A Comparative Study of Random Forests and CNN in Estimating Biomass and the Relative Importance of Spectral Bands, Cloud Cover, Latitude, and Longitude in the Modeling Process
This repository contains work for the final project for IDS 705. This project’s goal is to to improve the efficiency of biomass estimation using machine learning techniques in areas experiencing deforestation. Biomass has traditionally been measured manually by field experts, which is costly, time-consuming, and difficult to scale. This project explores remote sensing techniques using satellite images. Specifically, this analysis compares the performance of Random Forest models against ResNet Convolution Neural Networks in predicting Above Ground Biomass (AGB) of cocoa plantations in Côte d'Ivoire.

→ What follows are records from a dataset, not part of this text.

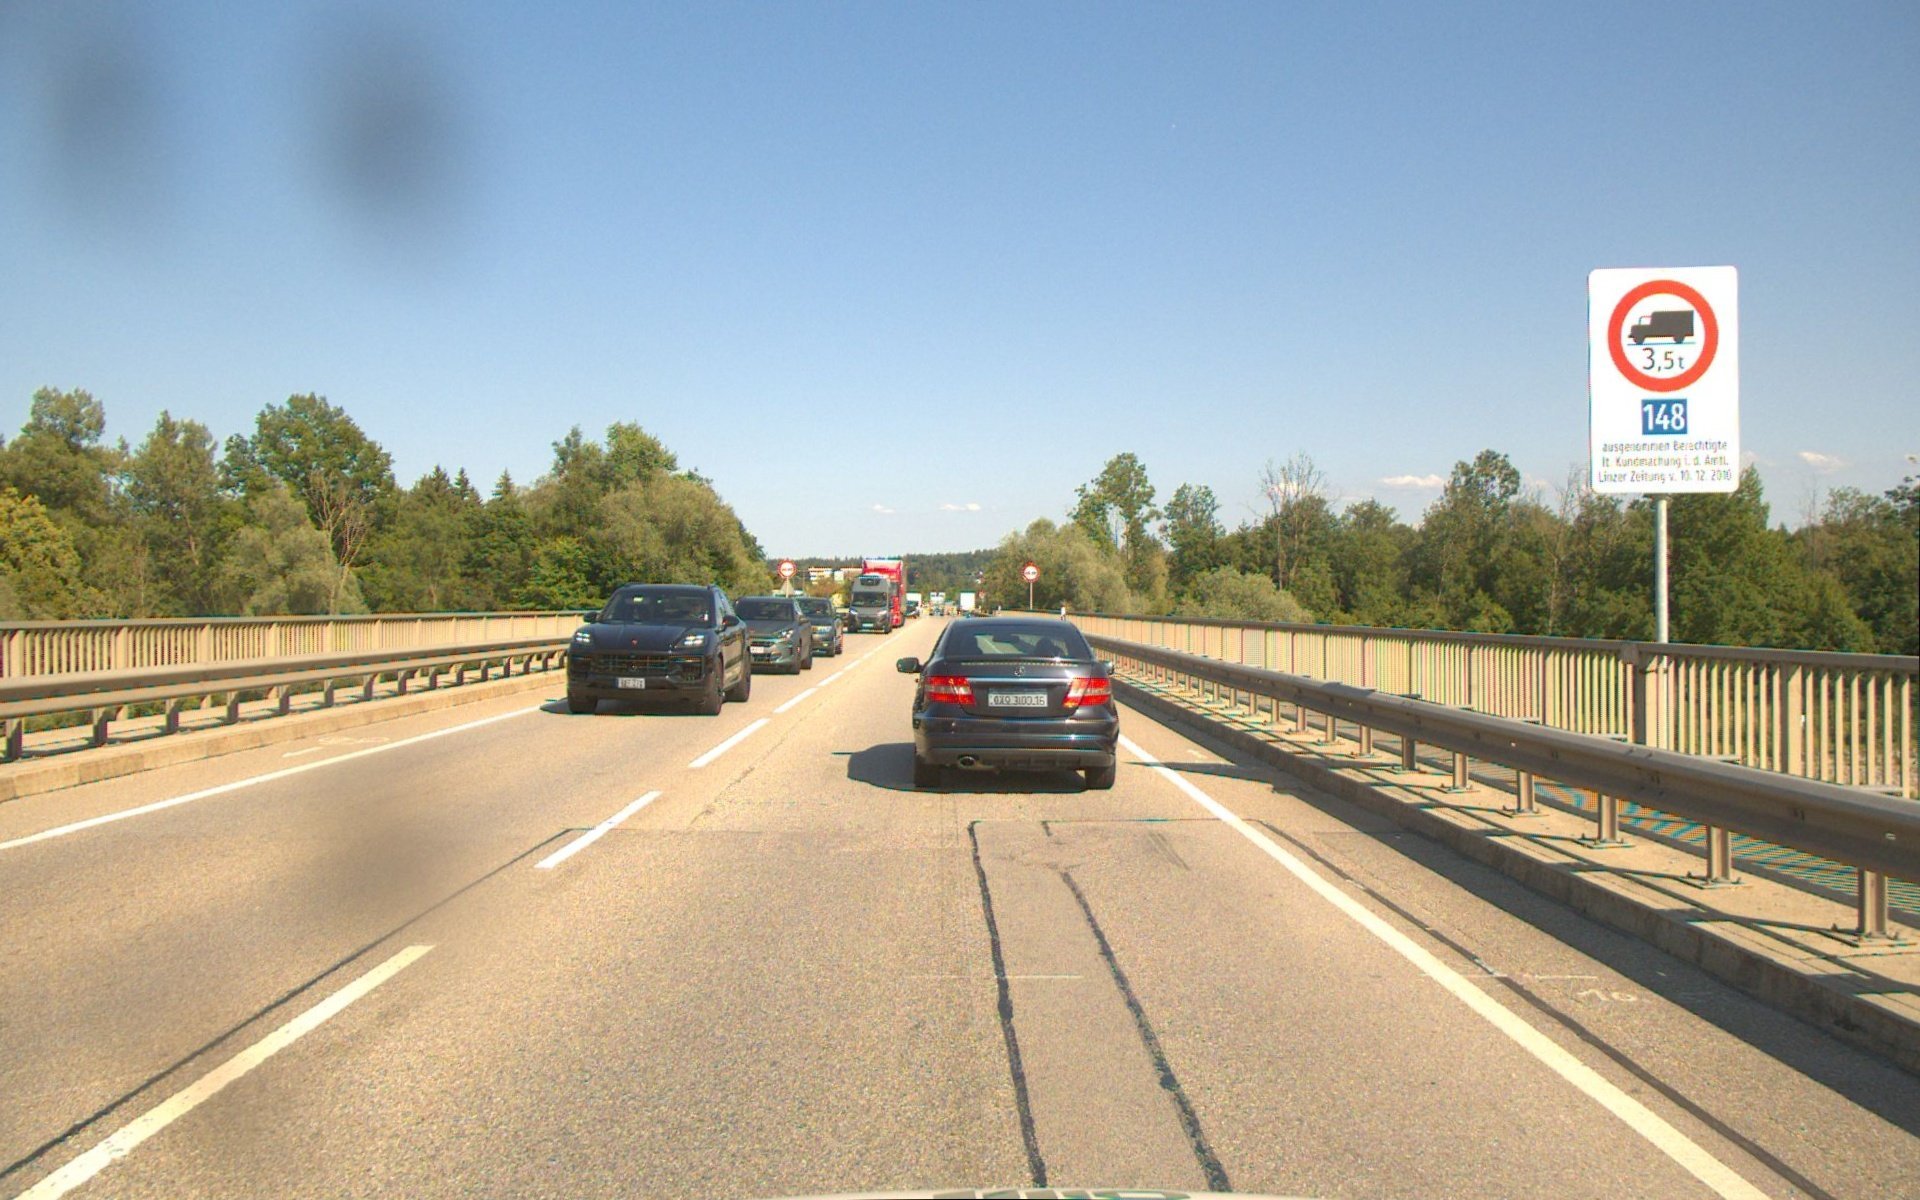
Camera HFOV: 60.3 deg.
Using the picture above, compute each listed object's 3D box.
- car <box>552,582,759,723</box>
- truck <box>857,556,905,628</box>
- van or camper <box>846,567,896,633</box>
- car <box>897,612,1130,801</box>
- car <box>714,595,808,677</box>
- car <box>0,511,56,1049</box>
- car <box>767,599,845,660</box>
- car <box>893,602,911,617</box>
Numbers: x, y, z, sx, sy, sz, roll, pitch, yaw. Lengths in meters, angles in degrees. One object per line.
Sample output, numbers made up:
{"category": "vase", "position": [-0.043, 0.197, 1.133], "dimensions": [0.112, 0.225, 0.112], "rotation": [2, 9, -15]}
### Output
{"category": "car", "position": [-4.092, 0.690, 23.024], "dimensions": [2.012, 1.681, 4.720], "rotation": [2, -1, -1]}
{"category": "truck", "position": [-4.976, -0.479, 103.278], "dimensions": [2.850, 4.258, 5.709], "rotation": [1, 0, -4]}
{"category": "van or camper", "position": [-4.395, 0.008, 82.467], "dimensions": [2.268, 3.104, 6.814], "rotation": [1, 0, -2]}
{"category": "car", "position": [0.427, 0.829, 14.690], "dimensions": [1.756, 1.400, 4.000], "rotation": [1, 0, 0]}
{"category": "car", "position": [-4.190, 0.722, 35.333], "dimensions": [1.771, 1.605, 4.197], "rotation": [1, 0, -4]}
{"category": "car", "position": [-3.984, 0.568, 3.364], "dimensions": [1.817, 1.752, 4.565], "rotation": [1, 0, -1]}
{"category": "car", "position": [-4.298, 0.798, 46.839], "dimensions": [1.836, 1.611, 4.273], "rotation": [1, 0, -1]}
{"category": "car", "position": [-6.459, 1.080, 184.110], "dimensions": [1.805, 1.671, 4.573], "rotation": [1, 0, -4]}

The results of this project suggests that these models are ineffective at predicting biomass from Sentinel-2 satellite imagery. While other studies have successfully implemented both of these methods for predicting biomass, the referenced work appears limited to higher resolution imagery (i.e. UAV and high resolution imagery). Additionally, this analysis compares the importance of the image data (i.e., spectral bands, cloud cover, and location), which suggests that the Infrared and vegetation red wavelengths are most important in predicting biomass. However, due to the inconsistency in feature importance across models, and multicollinearity between bands, this analysis cannot be considered a causal effect.

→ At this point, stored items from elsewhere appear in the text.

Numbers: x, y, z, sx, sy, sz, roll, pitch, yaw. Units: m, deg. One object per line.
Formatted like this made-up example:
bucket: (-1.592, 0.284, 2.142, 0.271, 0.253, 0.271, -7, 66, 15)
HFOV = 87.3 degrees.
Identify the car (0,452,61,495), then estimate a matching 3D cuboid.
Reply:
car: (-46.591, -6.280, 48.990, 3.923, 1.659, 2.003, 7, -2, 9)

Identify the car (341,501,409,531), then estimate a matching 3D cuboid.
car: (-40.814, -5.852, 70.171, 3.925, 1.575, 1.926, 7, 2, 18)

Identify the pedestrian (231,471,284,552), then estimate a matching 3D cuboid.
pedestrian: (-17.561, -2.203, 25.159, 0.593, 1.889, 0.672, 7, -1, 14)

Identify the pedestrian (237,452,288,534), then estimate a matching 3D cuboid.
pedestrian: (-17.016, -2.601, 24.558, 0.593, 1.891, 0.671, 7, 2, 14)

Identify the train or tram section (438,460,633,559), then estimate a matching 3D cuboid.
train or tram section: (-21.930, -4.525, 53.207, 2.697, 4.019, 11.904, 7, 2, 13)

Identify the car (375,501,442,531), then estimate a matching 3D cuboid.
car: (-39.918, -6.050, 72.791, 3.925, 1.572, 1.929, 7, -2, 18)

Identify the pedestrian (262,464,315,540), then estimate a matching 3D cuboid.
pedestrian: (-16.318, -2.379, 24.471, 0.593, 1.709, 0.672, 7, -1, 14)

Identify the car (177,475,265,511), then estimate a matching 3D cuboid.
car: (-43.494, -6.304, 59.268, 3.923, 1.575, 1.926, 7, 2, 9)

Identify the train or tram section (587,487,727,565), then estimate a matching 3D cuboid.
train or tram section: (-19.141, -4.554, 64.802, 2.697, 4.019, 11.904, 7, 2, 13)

- Python version: 3.10 and above
- Packages: run
make install
in terminal - Please note that the data files for this project are proprietary and cannot be included in this repository. Therefore, in order to run our pre-processing files and Jupyter notebooks, you will need to download the data files first. The data files can be found in the 'Data' section of the Africa Biomass Challenge page on Zindi Africa: https://zindi.africa/competitions/africa-biomass-challenge.
-
Under the PreProcessing directory, you can find code and instruction on how to get and pre-process the data:
- Run
python data_load.py
in terminal
- Run
-
Under the Models directory, you can find code for how to fit the Random Forest and ResNet Models.
random_forest.ipynb
: outlines the model fitting and experiments of the Random Forest model and their results.CNN.ipynb
: outlines the model fitting and experiments of the ResNet 50 and ResNet 32 models and their results.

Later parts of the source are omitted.